(Given data begins)

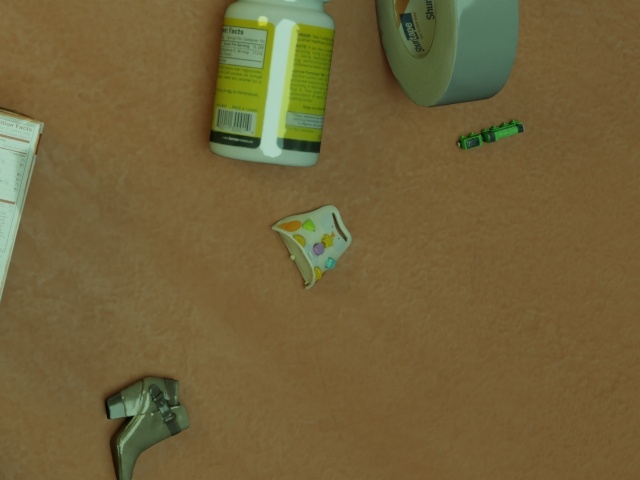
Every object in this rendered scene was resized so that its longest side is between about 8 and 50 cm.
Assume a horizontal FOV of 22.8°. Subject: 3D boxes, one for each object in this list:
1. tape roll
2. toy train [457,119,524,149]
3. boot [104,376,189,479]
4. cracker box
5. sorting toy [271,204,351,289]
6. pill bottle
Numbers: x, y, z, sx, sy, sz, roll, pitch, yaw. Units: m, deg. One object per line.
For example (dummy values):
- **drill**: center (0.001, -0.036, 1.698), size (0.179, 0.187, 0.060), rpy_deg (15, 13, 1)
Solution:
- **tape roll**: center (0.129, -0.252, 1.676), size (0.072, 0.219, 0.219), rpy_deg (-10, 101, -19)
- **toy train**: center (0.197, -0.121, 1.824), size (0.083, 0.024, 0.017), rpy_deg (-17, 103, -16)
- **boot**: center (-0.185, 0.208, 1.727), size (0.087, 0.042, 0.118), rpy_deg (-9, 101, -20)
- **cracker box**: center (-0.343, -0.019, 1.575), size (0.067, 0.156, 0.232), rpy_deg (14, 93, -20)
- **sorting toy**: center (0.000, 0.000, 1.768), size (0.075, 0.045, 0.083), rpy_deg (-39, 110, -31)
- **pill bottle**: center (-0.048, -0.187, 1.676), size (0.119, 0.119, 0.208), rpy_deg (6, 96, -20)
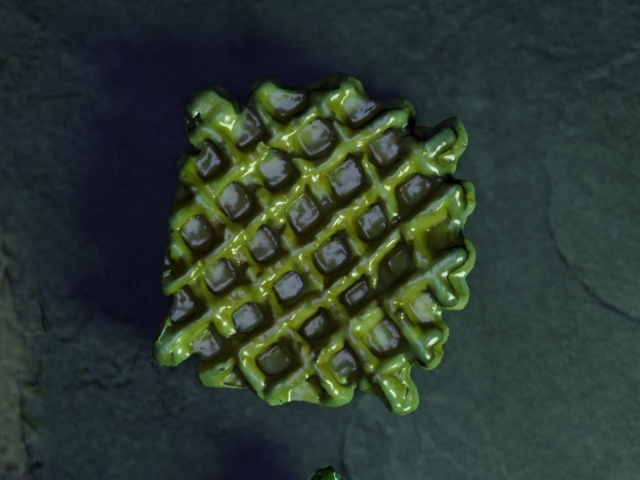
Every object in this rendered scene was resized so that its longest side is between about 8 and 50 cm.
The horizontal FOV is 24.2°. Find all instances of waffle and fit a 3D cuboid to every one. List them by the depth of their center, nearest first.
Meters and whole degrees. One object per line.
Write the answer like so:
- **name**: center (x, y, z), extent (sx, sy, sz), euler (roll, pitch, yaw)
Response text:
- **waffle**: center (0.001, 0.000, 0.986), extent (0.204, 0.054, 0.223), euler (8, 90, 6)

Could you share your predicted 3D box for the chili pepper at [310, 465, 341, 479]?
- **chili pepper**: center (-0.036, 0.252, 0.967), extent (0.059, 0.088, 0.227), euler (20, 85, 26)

(Given data ends)

Instructions for the task:
Copy, exactly and only, the lines above that begin with the one containing "5. sorting toy [271,204,351,289]" and finish with the one containing "- **drill**: center".

Answer to this task:
5. sorting toy [271,204,351,289]
6. pill bottle
Numbers: x, y, z, sx, sy, sz, roll, pitch, yaw. Units: m, deg. One object per line.
For example (dummy values):
- **drill**: center (0.001, -0.036, 1.698), size (0.179, 0.187, 0.060), rpy_deg (15, 13, 1)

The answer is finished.